YOUR TASK »
Filter the material below down to the lines with the word "alphaTex" and give those lines.

[DATA FOR ANALYSIS — start]

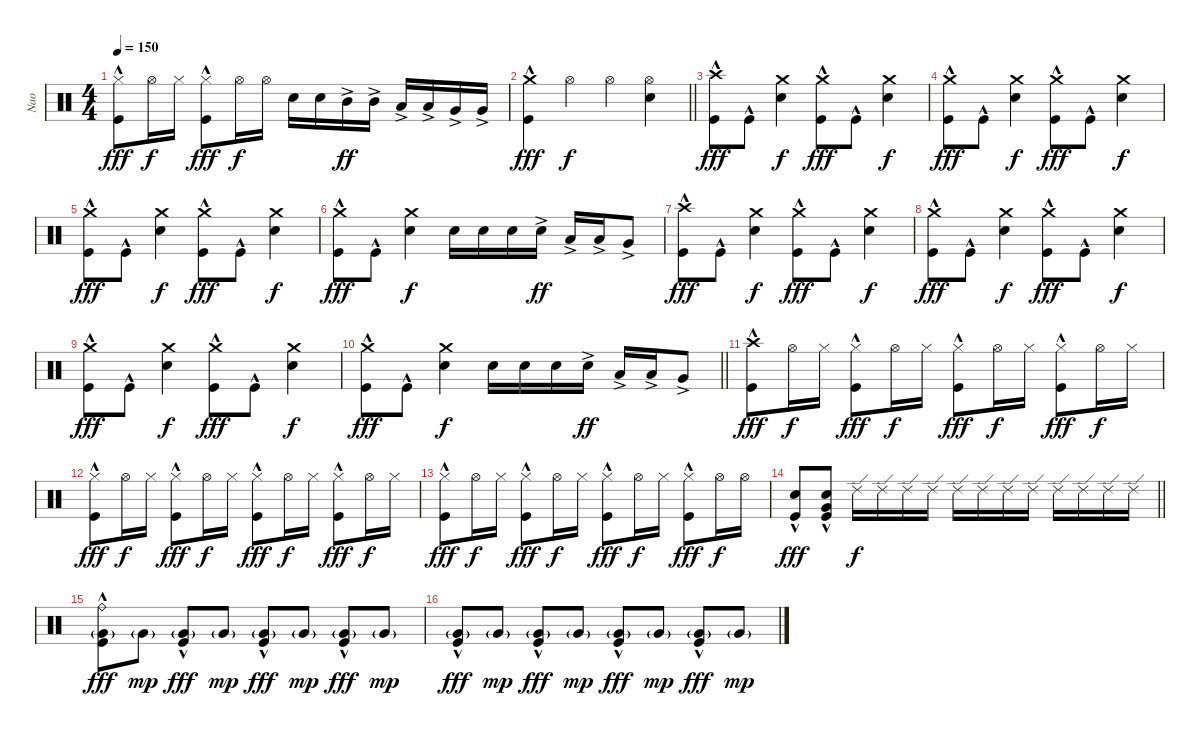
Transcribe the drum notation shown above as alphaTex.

\track ("Nao" "Nao") {instrument percussion}
\staff {score}
\articulation defaults
\ts (4 4)
\tempo 150
\clef neutral
\ks c
("Hi-Hat (closed)" "Kick (hit)"{hac}).8{dy fff} "Hi-Hat (open)".16{dy f} "Hi-Hat (closed)".16 ("Hi-Hat (closed)" "Kick (hit)"{hac}).8{dy fff} "Hi-Hat (open)".16{dy f} "Hi-Hat (open)".16 "Electric Snare (hit)".16 "Electric Snare (hit)".16 "Mid Tom (hit)"{ac}.16{dy ff} "Mid Tom (hit)"{ac}.16 "Low Tom (hit)"{ac}.16 "Low Tom (hit)"{ac}.16 "Very Low Tom (hit)"{ac}.16 "Very Low Tom (hit)"{ac}.16 |
\barLineRight lightlight
("Crash medium (hit)" "Kick (hit)"{hac}).4{dy fff} "Hi-Hat (open)".4{dy f} "Hi-Hat (open)".4 ("Hi-Hat (open)" "Electric Snare (hit)").4 |
\section ("" "")
("Crash high (hit)" "Kick (hit)"{hac}).8{dy fff} "Kick (hit)"{hac}.8 ("Crash medium (hit)" "Electric Snare (hit)").4{dy f} ("Crash medium (hit)" "Kick (hit)"{hac}).8{dy fff} "Kick (hit)"{hac}.8 ("Crash medium (hit)" "Electric Snare (hit)").4{dy f} |
("Crash medium (hit)" "Kick (hit)"{hac}).8{dy fff} "Kick (hit)"{hac}.8 ("Crash medium (hit)" "Electric Snare (hit)").4{dy f} ("Crash medium (hit)" "Kick (hit)"{hac}).8{dy fff} "Kick (hit)"{hac}.8 ("Crash medium (hit)" "Electric Snare (hit)").4{dy f} |
("Crash medium (hit)" "Kick (hit)"{hac}).8{dy fff} "Kick (hit)"{hac}.8 ("Crash medium (hit)" "Electric Snare (hit)").4{dy f} ("Crash medium (hit)" "Kick (hit)"{hac}).8{dy fff} "Kick (hit)"{hac}.8 ("Crash medium (hit)" "Electric Snare (hit)").4{dy f} |
("Crash medium (hit)" "Kick (hit)"{hac}).8{dy fff} "Kick (hit)"{hac}.8 ("Crash medium (hit)" "Electric Snare (hit)").4{dy f} "Electric Snare (hit)".16 "Electric Snare (hit)".16 "Electric Snare (hit)".16 "Electric Snare (hit)"{ac}.16{dy ff} "Low Tom (hit)"{ac}.16 "Low Tom (hit)"{ac}.16 "Very Low Tom (hit)"{ac}.8 |
("Crash high (hit)" "Kick (hit)"{hac}).8{dy fff} "Kick (hit)"{hac}.8 ("Crash medium (hit)" "Electric Snare (hit)").4{dy f} ("Crash medium (hit)" "Kick (hit)"{hac}).8{dy fff} "Kick (hit)"{hac}.8 ("Crash medium (hit)" "Electric Snare (hit)").4{dy f} |
("Crash medium (hit)" "Kick (hit)"{hac}).8{dy fff} "Kick (hit)"{hac}.8 ("Crash medium (hit)" "Electric Snare (hit)").4{dy f} ("Crash medium (hit)" "Kick (hit)"{hac}).8{dy fff} "Kick (hit)"{hac}.8 ("Crash medium (hit)" "Electric Snare (hit)").4{dy f} |
("Crash medium (hit)" "Kick (hit)"{hac}).8{dy fff} "Kick (hit)"{hac}.8 ("Crash medium (hit)" "Electric Snare (hit)").4{dy f} ("Crash medium (hit)" "Kick (hit)"{hac}).8{dy fff} "Kick (hit)"{hac}.8 ("Crash medium (hit)" "Electric Snare (hit)").4{dy f} |
\barLineRight lightlight
("Crash medium (hit)" "Kick (hit)"{hac}).8{dy fff} "Kick (hit)"{hac}.8 ("Crash medium (hit)" "Electric Snare (hit)").4{dy f} "Electric Snare (hit)".16 "Electric Snare (hit)".16 "Electric Snare (hit)".16 "Electric Snare (hit)"{ac}.16{dy ff} "Low Tom (hit)"{ac}.16 "Low Tom (hit)"{ac}.16 "Very Low Tom (hit)"{ac}.8 |
\section ("" "")
("Crash high (hit)" "Kick (hit)"{hac}).8{dy fff} "Hi-Hat (open)".16{dy f} "Hi-Hat (closed)".16 ("Hi-Hat (closed)" "Kick (hit)"{hac}).8{dy fff} "Hi-Hat (open)".16{dy f} "Hi-Hat (closed)".16 ("Hi-Hat (closed)" "Kick (hit)"{hac}).8{dy fff} "Hi-Hat (open)".16{dy f} "Hi-Hat (closed)".16 ("Hi-Hat (closed)" "Kick (hit)"{hac}).8{dy fff} "Hi-Hat (open)".16{dy f} "Hi-Hat (closed)".16 |
("Hi-Hat (closed)" "Kick (hit)"{hac}).8{dy fff} "Hi-Hat (open)".16{dy f} "Hi-Hat (closed)".16 ("Hi-Hat (closed)" "Kick (hit)"{hac}).8{dy fff} "Hi-Hat (open)".16{dy f} "Hi-Hat (closed)".16 ("Hi-Hat (closed)" "Kick (hit)"{hac}).8{dy fff} "Hi-Hat (open)".16{dy f} "Hi-Hat (closed)".16 ("Hi-Hat (closed)" "Kick (hit)"{hac}).8{dy fff} "Hi-Hat (open)".16{dy f} "Hi-Hat (closed)".16 |
("Hi-Hat (closed)" "Kick (hit)"{hac}).8{dy fff} "Hi-Hat (open)".16{dy f} "Hi-Hat (closed)".16 ("Hi-Hat (closed)" "Kick (hit)"{hac}).8{dy fff} "Hi-Hat (open)".16{dy f} "Hi-Hat (closed)".16 ("Hi-Hat (closed)" "Kick (hit)"{hac}).8{dy fff} "Hi-Hat (open)".16{dy f} "Hi-Hat (closed)".16 ("Hi-Hat (closed)" "Kick (hit)"{hac}).8{dy fff} "Hi-Hat (open)".16{dy f} "Hi-Hat (open)".16 |
\barLineRight lightlight
("Electric Snare (hit)" "Kick (hit)"{hac}).8{dy fff} ("Electric Snare (hit)" "Very Low Tom (hit)" "Kick (hit)"{hac}).8 "Ride (edge) 2".16{dy f} "Ride (edge) 2".16 "Ride (edge) 2".16 "Ride (edge) 2".16 "Ride (edge) 2".16 "Ride (edge) 2".16 "Ride (edge) 2".16 "Ride (edge) 2".16 "Ride (edge) 2".16 "Ride (edge) 2".16 "Ride (edge) 2".16 "Ride (edge) 2".16 |
\section ("" "")
("Ride (bell)" "Very Low Tom (hit)"{g} "Kick (hit)"{hac}).8{dy fff} "Very Low Tom (hit)"{g}.8{dy mp} ("Very Low Tom (hit)"{g} "Kick (hit)"{hac}).8{dy fff} "Very Low Tom (hit)"{g}.8{dy mp} ("Very Low Tom (hit)"{g} "Kick (hit)"{hac}).8{dy fff} "Very Low Tom (hit)"{g}.8{dy mp} ("Very Low Tom (hit)"{g} "Kick (hit)"{hac}).8{dy fff} "Very Low Tom (hit)"{g}.8{dy mp} |
("Very Low Tom (hit)"{g} "Kick (hit)"{hac}).8{dy fff} "Very Low Tom (hit)"{g}.8{dy mp} ("Very Low Tom (hit)"{g} "Kick (hit)"{hac}).8{dy fff} "Very Low Tom (hit)"{g}.8{dy mp} ("Very Low Tom (hit)"{g} "Kick (hit)"{hac}).8{dy fff} "Very Low Tom (hit)"{g}.8{dy mp} ("Very Low Tom (hit)"{g} "Kick (hit)"{hac}).8{dy fff} "Very Low Tom (hit)"{g}.8{dy mp}
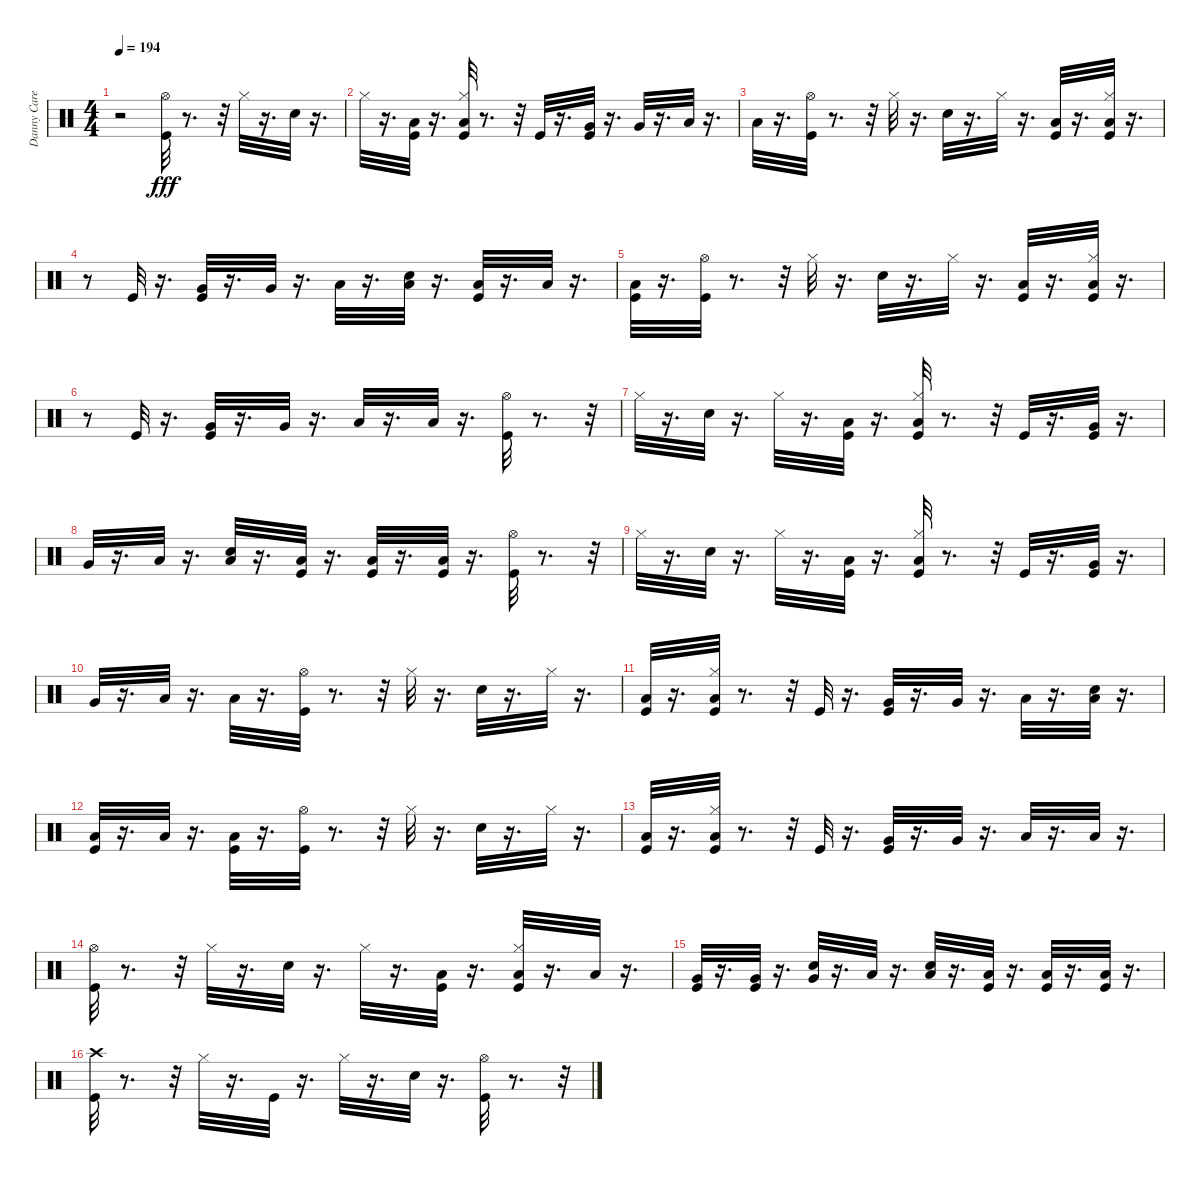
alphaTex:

\track ("Danny Carey" "Danny Care") {instrument percussion}
\staff {score}
\articulation defaults
\ts (4 4)
\tempo 194
\clef neutral
\ks c
r.2{dy fff} ("Hi-Hat (open)" "Kick (hit)").32 r.8{d} r.32 "Hi-Hat (closed)".32 r.16{d} "Snare (hit) 2".32 r.16{d} |
"Hi-Hat (closed)".32 r.16{d} ("Low Floor Tom (hit)" "Kick (hit)").32 r.16{d} ("Low Floor Tom (hit)" "Hi-Hat (closed)" "Kick (hit)").32 r.8{d} r.32 "Kick (hit)".32 r.16{d} ("Very Low Tom (hit)" "Kick (hit)").32 r.16{d} "Very Low Tom (hit)".32 r.16{d} "Low Floor Tom (hit)".32 r.16{d} |
"Low Floor Tom (hit)".32 r.16{d} ("Kick (hit)" "Hi-Hat (open)").32 r.8{d} r.32 "Hi-Hat (closed)".32 r.16{d} "Snare (hit) 2".32 r.16{d} "Hi-Hat (closed)".32 r.16{d} ("Kick (hit)" "Low Floor Tom (hit)").32 r.16{d} ("Kick (hit)" "Low Floor Tom (hit)" "Hi-Hat (closed)").32 r.16{d} |
r.8 "Kick (hit)".32 r.16{d} ("Very Low Tom (hit)" "Kick (hit)").32 r.16{d} "Very Low Tom (hit)".32 r.16{d} "Low Floor Tom (hit)".32 r.16{d} ("Snare (hit) 2" "Low Floor Tom (hit)").32 r.16{d} ("Kick (hit)" "Low Floor Tom (hit)").32 r.16{d} "Low Floor Tom (hit)".32 r.16{d} |
("Kick (hit)" "Low Floor Tom (hit)").32 r.16{d} ("Hi-Hat (open)" "Kick (hit)").32 r.8{d} r.32 "Hi-Hat (closed)".32 r.16{d} "Snare (hit) 2".32 r.16{d} "Hi-Hat (closed)".32 r.16{d} ("Low Floor Tom (hit)" "Kick (hit)").32 r.16{d} ("Low Floor Tom (hit)" "Hi-Hat (closed)" "Kick (hit)").32 r.16{d} |
r.8 "Kick (hit)".32 r.16{d} ("Very Low Tom (hit)" "Kick (hit)").32 r.16{d} "Very Low Tom (hit)".32 r.16{d} "Low Floor Tom (hit)".32 r.16{d} "Low Floor Tom (hit)".32 r.16{d} ("Hi-Hat (open)" "Kick (hit)").32 r.8{d} r.32 |
"Hi-Hat (closed)".32 r.16{d} "Snare (hit) 2".32 r.16{d} "Hi-Hat (closed)".32 r.16{d} ("Kick (hit)" "Low Floor Tom (hit)").32 r.16{d} ("Kick (hit)" "Low Floor Tom (hit)" "Hi-Hat (closed)").32 r.8{d} r.32 "Kick (hit)".32 r.16{d} ("Very Low Tom (hit)" "Kick (hit)").32 r.16{d} |
"Very Low Tom (hit)".32 r.16{d} "Low Floor Tom (hit)".32 r.16{d} ("Snare (hit) 2" "Low Floor Tom (hit)").32 r.16{d} ("Kick (hit)" "Low Floor Tom (hit)").32 r.16{d} ("Kick (hit)" "Low Floor Tom (hit)").32 r.16{d} ("Kick (hit)" "Low Floor Tom (hit)").32 r.16{d} ("Hi-Hat (open)" "Kick (hit)").32 r.8{d} r.32 |
"Hi-Hat (closed)".32 r.16{d} "Snare (hit) 2".32 r.16{d} "Hi-Hat (closed)".32 r.16{d} ("Low Floor Tom (hit)" "Kick (hit)").32 r.16{d} ("Low Floor Tom (hit)" "Hi-Hat (closed)" "Kick (hit)").32 r.8{d} r.32 "Kick (hit)".32 r.16{d} ("Very Low Tom (hit)" "Kick (hit)").32 r.16{d} |
"Very Low Tom (hit)".32 r.16{d} "Low Floor Tom (hit)".32 r.16{d} "Low Floor Tom (hit)".32 r.16{d} ("Hi-Hat (open)" "Kick (hit)").32 r.8{d} r.32 "Hi-Hat (closed)".32 r.16{d} "Snare (hit) 2".32 r.16{d} "Hi-Hat (closed)".32 r.16{d} |
("Kick (hit)" "Low Floor Tom (hit)").32 r.16{d} ("Kick (hit)" "Low Floor Tom (hit)" "Hi-Hat (closed)").32 r.8{d} r.32 "Kick (hit)".32 r.16{d} ("Very Low Tom (hit)" "Kick (hit)").32 r.16{d} "Very Low Tom (hit)".32 r.16{d} "Low Floor Tom (hit)".32 r.16{d} ("Snare (hit) 2" "Low Floor Tom (hit)").32 r.16{d} |
("Kick (hit)" "Low Floor Tom (hit)").32 r.16{d} "Low Floor Tom (hit)".32 r.16{d} ("Kick (hit)" "Low Floor Tom (hit)").32 r.16{d} ("Hi-Hat (open)" "Kick (hit)").32 r.8{d} r.32 "Hi-Hat (closed)".32 r.16{d} "Snare (hit) 2".32 r.16{d} "Hi-Hat (closed)".32 r.16{d} |
("Low Floor Tom (hit)" "Kick (hit)").32 r.16{d} ("Low Floor Tom (hit)" "Hi-Hat (closed)" "Kick (hit)").32 r.8{d} r.32 "Kick (hit)".32 r.16{d} ("Very Low Tom (hit)" "Kick (hit)").32 r.16{d} "Very Low Tom (hit)".32 r.16{d} "Low Floor Tom (hit)".32 r.16{d} "Low Floor Tom (hit)".32 r.16{d} |
("Hi-Hat (open)" "Kick (hit)").32 r.8{d} r.32 "Hi-Hat (closed)".32 r.16{d} "Snare (hit) 2".32 r.16{d} "Hi-Hat (closed)".32 r.16{d} ("Kick (hit)" "Low Floor Tom (hit)").32 r.16{d} ("Kick (hit)" "Low Floor Tom (hit)" "Hi-Hat (closed)").32 r.16{d} "Low Floor Tom (hit)".32 r.16{d} |
("Very Low Tom (hit)" "Kick (hit)").32 r.16{d} ("Very Low Tom (hit)" "Kick (hit)").32 r.16{d} ("Snare (hit) 2" "Very Low Tom (hit)").32 r.16{d} "Low Floor Tom (hit)".32 r.16{d} ("Snare (hit) 2" "Low Floor Tom (hit)").32 r.16{d} ("Kick (hit)" "Low Floor Tom (hit)").32 r.16{d} ("Kick (hit)" "Low Floor Tom (hit)").32 r.16{d} ("Kick (hit)" "Low Floor Tom (hit)").32 r.16{d} |
("Crash high (hit)" "Kick (hit)").32 r.8{d} r.32 "Hi-Hat (closed)".32 r.16{d} "Kick (hit)".32 r.16{d} "Hi-Hat (closed)".32 r.16{d} "Snare (hit) 2".32 r.16{d} ("Hi-Hat (open)" "Kick (hit)").32 r.8{d} r.32

[DATA FOR ANALYSIS — finish]

ANSWER SPACE »
Transcribe the drum notation shown above as alphaTex.
alphaTex:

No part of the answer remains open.